# Voltaje AC variable



## Dextrom666 (Oct 3, 2007)

Hola amigos del foro, alguien sabe como hacer variar la amplitud del voltaje de una fuente ac trifasica (220 V)  bajarlo al rango de 1 a 6 voltios en AC manteniendo la misma forma de onda,
 mediante algun circuito en el cual participe un potenciometro para regular el voltaje de salida. ,
Cualquier  ayuda se los agradecere-

RauL


----------



## jona (Oct 3, 2007)

hola compañero
mira lo que conosco en cuanto a poder regular el voltaje de AC de linea de 220v, es mediante un variac, un transformadorr de bobina variable que tiene una manija, donde vas regulando desde 0v hasta 250v, la corriente que suelen entregar son de 4 ampere, pero podes comprar otros de mas Amperaje.
por lo menos yo tengo conocidos estos, y la forma de onda se mantiene.eso si estan un poco costosos por estos lados.
solemos usarlos para provar la fuente de un t.v con el,obviamente rectificado.
saludos


----------



## Fogonazo (Oct 3, 2007)

Todas las preguntas del universo se contestan con la misma palabra: Depende

Que corriente pretendes tomar de tu circuito ?


----------



## mcrven (Oct 4, 2007)

Hola Dextrom666, la respuesta de Jona es acertada. El VARI-AC, variac a secas es el único medio conocido para lograr tu propósito.
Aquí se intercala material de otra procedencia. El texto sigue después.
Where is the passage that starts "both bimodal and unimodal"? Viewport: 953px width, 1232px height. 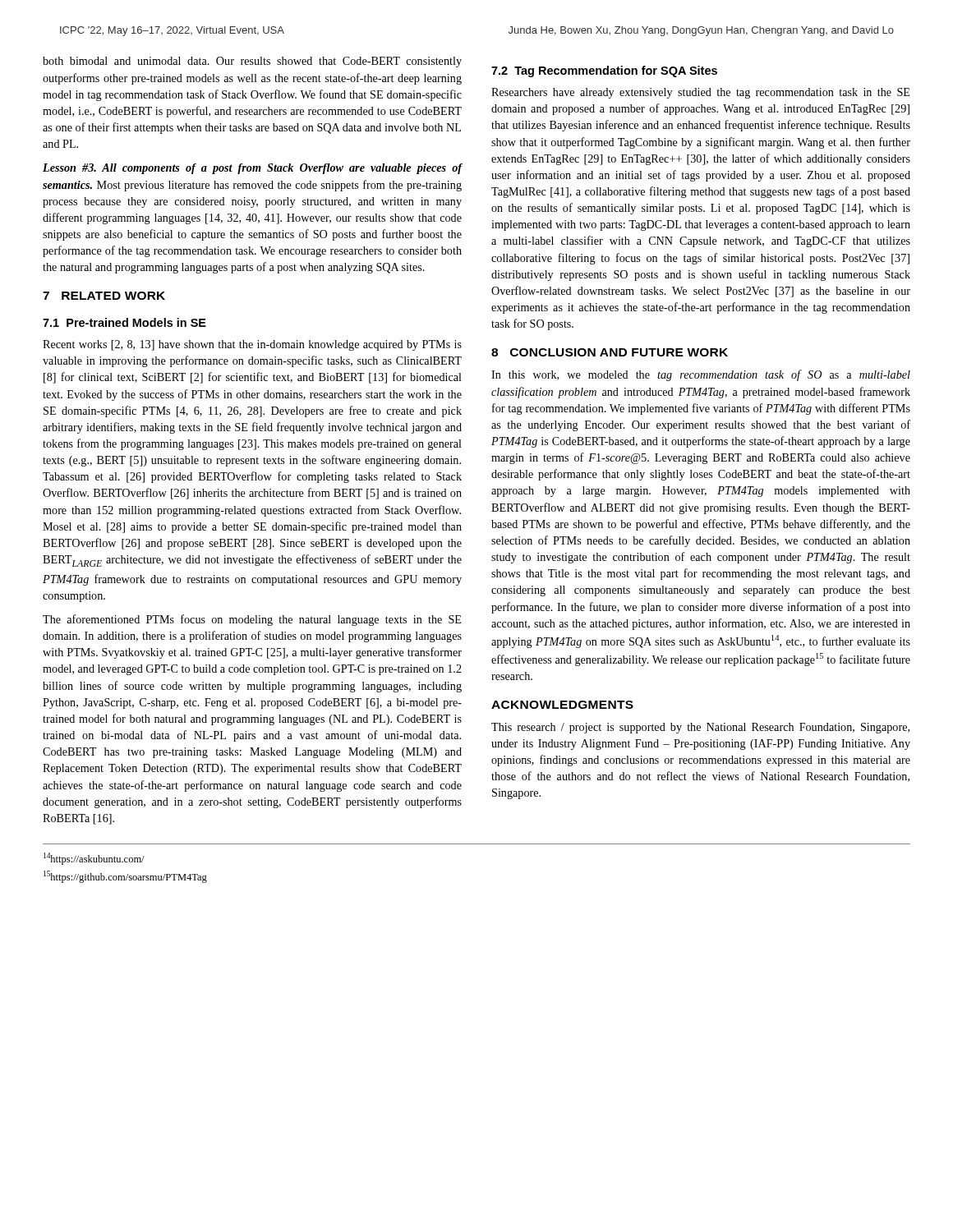(252, 103)

También existen VARIAC trifásicos. Sólo que cuestan TRI-PRECIO.

En cuanto a lo que pregunta Fogonazo - La corriente requerida - tiene solución también. Se fabrican VARIAC desde unas decenas de Vatio, hasta los de una cuantas decenas de kilovatio, todo dependerá de tus requerimientos de potencia.

Saludos a todos: mcrven


----------



## Fogonazo (Oct 4, 2007)

Error en la ecuacion Precio Variac trifasico = Precio Variac monofasico al cubo 

La pregunta venia por el lado de divisor resistivo, si necesita solo unos mA puede funcionar.


----------



## mcrven (Oct 4, 2007)

Oye Fogonazo, ¿Desde cuando "TRI" es prefijo de "CUBO"?

El prefijo "TRI" se refiere a 3 o triple.

TRI-fasico significa de tres fases no fases al cubo.

Saludos: mcrven


----------



## Fogonazo (Oct 4, 2007)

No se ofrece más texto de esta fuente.